La femme féconde est toujours un objet de vénération. Dans le plus de cette semaine Conte de la servante annonce, Vladimir Poutine a ressuscité le prix russe Mother Heroine. Introduit pour la première fois par Staline, il offrira aux femmes un prix unique de 13 000 £ lors du premier anniversaire de leur 10e enfant.

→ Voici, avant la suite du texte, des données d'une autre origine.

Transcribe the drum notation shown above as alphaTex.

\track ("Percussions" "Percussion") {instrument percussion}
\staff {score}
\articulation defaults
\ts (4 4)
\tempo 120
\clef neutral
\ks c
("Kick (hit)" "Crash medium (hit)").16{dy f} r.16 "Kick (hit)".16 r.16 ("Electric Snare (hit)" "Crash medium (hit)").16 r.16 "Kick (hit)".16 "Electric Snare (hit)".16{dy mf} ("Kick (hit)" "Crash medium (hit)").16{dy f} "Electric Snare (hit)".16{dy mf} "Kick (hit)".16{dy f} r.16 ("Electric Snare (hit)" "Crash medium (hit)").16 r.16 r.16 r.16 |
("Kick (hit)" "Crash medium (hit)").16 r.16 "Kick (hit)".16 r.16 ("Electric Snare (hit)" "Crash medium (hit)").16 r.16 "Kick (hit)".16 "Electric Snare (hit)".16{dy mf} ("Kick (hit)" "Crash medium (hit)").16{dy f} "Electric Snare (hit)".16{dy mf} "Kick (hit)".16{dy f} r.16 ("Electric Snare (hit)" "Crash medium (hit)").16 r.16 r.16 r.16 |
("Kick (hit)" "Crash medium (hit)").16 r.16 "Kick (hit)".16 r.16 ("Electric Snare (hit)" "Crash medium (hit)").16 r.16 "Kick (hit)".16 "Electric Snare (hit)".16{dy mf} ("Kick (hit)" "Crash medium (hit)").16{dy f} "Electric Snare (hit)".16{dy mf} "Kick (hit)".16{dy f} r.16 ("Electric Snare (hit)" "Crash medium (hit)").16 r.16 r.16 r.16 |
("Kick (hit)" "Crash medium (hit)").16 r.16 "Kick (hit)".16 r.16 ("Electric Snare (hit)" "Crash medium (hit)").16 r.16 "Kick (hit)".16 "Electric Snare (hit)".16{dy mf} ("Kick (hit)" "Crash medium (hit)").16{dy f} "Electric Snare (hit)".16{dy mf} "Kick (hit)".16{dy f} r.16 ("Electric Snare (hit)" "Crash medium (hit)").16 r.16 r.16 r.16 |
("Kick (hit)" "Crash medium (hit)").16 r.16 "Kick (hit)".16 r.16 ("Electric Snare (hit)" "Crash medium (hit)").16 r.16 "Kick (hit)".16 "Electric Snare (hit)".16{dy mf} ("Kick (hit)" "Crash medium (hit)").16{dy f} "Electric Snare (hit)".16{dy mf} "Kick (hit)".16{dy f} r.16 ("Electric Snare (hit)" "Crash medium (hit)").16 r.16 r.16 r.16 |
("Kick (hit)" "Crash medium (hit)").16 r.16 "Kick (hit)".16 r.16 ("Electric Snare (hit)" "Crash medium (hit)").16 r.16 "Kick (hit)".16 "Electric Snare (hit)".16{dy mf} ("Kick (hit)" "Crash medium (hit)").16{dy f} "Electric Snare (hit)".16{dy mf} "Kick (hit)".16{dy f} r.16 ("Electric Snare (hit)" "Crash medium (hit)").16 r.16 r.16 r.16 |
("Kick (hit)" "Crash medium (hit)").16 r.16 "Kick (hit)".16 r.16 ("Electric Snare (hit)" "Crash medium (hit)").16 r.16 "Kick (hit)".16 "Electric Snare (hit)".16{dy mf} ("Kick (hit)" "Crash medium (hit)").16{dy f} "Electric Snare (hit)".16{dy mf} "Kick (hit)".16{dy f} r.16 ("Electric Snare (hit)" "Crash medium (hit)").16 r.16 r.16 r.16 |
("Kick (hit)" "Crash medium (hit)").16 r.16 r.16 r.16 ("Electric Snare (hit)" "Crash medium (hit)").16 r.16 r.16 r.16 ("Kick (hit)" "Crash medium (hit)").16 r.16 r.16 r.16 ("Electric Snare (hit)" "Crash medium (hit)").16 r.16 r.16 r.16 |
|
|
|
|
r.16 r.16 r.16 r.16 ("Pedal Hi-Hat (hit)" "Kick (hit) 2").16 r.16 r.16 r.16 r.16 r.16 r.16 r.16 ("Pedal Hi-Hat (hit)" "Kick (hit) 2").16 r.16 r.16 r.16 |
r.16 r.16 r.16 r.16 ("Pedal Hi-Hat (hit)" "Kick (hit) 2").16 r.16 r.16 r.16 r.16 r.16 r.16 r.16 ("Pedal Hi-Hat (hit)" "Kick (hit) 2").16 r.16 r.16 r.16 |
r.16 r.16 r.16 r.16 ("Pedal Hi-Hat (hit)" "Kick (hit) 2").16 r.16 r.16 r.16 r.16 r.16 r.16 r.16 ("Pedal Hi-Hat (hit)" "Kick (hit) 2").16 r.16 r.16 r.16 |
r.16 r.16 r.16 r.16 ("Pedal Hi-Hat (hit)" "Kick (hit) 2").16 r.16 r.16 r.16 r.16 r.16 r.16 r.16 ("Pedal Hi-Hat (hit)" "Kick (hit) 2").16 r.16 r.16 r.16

Le dilemme maternel est encore plus dur dans le domaine sportif, où les femmes doivent faire des sacrifices exténuants pour atteindre leurs objectifs. Il n’y avait qu’une seule mère dans l’équipe d’Angleterre de football qui a remporté l’Euro. La défenseure Demi Stokes a un bébé, mais c’est son partenaire qui a porté l’enfant né en mai. Kim Clijsters a remporté trois tournois du Grand Chelem à son retour au tennis après avoir donné naissance à sa fille, rejoignant Margaret Court et Evonne Goolagong en tant que seules joueuses à avoir eu des bébés et à remporter un titre. Elle est devenue l’affiche de Mother Heroines, mais a pris sa retraite en 2012 pour avoir deux autres enfants.

Dans une certaine mesure, l’histoire de Williams aide à apaiser ma culpabilité et mon sentiment d’inadéquation que je n’avais qu’un seul bébé. Si même Williams n’a pas pu réaliser ses rêves et avoir un deuxième enfant, alors cette entreprise familiale est clairement plus difficile qu’il n’y paraît. Une famille plus grande implique des considérations émotionnelles, professionnelles et psychologiques — ainsi que, bien sûr, de la joie et de l’émerveillement — que j’ai décidé, après réflexion, de ne pas faire le deuil. Cela dit, ne serait-ce pas merveilleux si, dans un monde de rêve, Williams pouvait décrocher ce titre final ? Non pas qu’elle ait besoin ou requière l’affirmation : ce serait juste un pour tous ces bébés de carrière qui ne sont jamais tout à fait arrivés au monde.